For this exercise, copy the data exactly and omit any images.

[Data excerpts]
※
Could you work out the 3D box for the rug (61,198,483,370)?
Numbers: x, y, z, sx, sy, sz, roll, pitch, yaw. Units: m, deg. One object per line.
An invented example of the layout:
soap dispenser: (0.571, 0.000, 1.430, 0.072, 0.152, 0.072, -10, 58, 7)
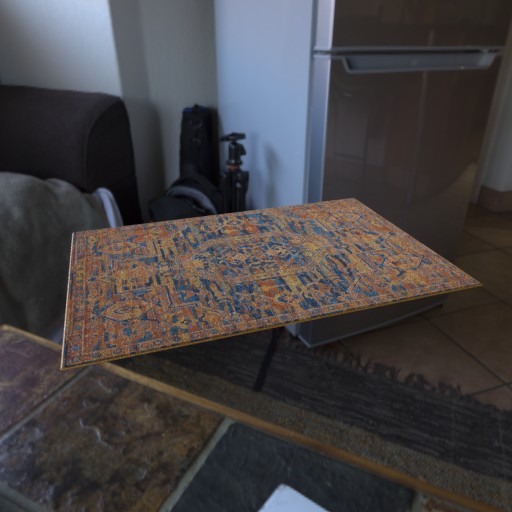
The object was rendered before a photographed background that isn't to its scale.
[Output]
rug: (0.000, 0.000, 2.211, 1.758, 0.013, 1.148, -9, 29, -16)
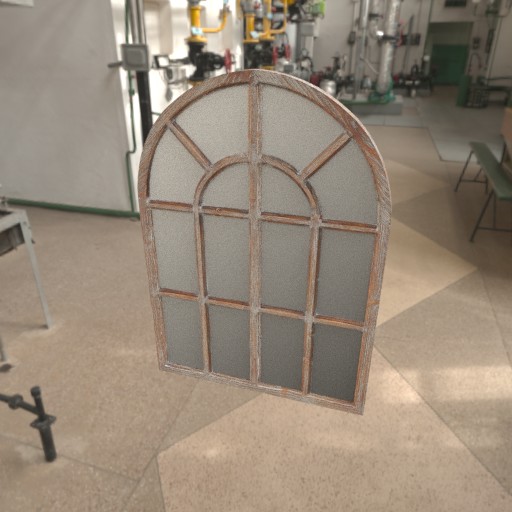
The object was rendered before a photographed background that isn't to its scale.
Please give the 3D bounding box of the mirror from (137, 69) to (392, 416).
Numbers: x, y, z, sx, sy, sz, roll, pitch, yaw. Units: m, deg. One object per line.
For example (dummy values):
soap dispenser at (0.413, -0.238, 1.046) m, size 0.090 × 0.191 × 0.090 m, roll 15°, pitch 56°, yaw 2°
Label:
mirror at (0.000, 0.000, 1.183) m, size 0.660 × 0.920 × 0.032 m, roll 8°, pitch 27°, yaw 16°
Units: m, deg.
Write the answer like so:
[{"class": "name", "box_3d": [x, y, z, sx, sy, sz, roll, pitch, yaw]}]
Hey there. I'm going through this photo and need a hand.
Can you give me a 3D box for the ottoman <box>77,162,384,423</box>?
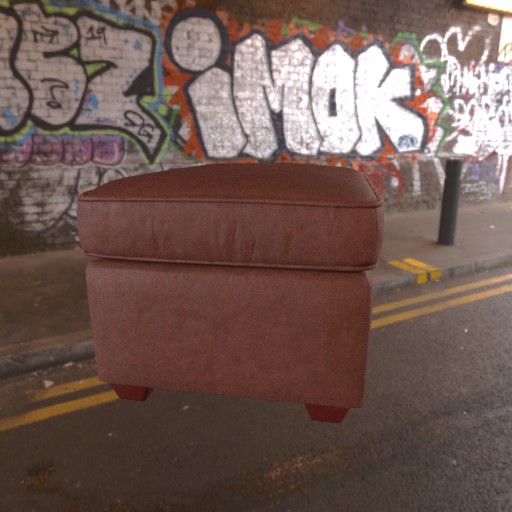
※
▶ [OUTPUT FOR THIS EXERCISE]
Could you work out the 3D box for the rug (61,198,483,370)?
Numbers: x, y, z, sx, sy, sz, roll, pitch, yaw. Units: m, deg. One object per line.
An invented example of the layout:
soap dispenser: (0.571, 0.000, 1.430, 0.072, 0.152, 0.072, -10, 58, 7)
The object was rendered before a photographed background that isn't to its scale.
[Output]
rug: (0.000, 0.000, 2.211, 1.758, 0.013, 1.148, -9, 29, -16)
The object was rendered before a photographed background that isn't to its scale.
Please give the 3D bounding box of the mirror from (137, 69) to (392, 416).
Numbers: x, y, z, sx, sy, sz, roll, pitch, yaw. Units: m, deg. One object per line.
For example (dummy values):
soap dispenser at (0.413, -0.238, 1.046) m, size 0.090 × 0.191 × 0.090 m, roll 15°, pitch 56°, yaw 2°
Label:
mirror at (0.000, 0.000, 1.183) m, size 0.660 × 0.920 × 0.032 m, roll 8°, pitch 27°, yaw 16°
Units: m, deg.
Write the answer like so:
[{"class": "name", "box_3d": [x, y, z, sx, sy, sz, roll, pitch, yaw]}]
Hey there. I'm going through this photo and need a hand.
Can you give me a 3D box for the ottoman <box>77,162,384,423</box>?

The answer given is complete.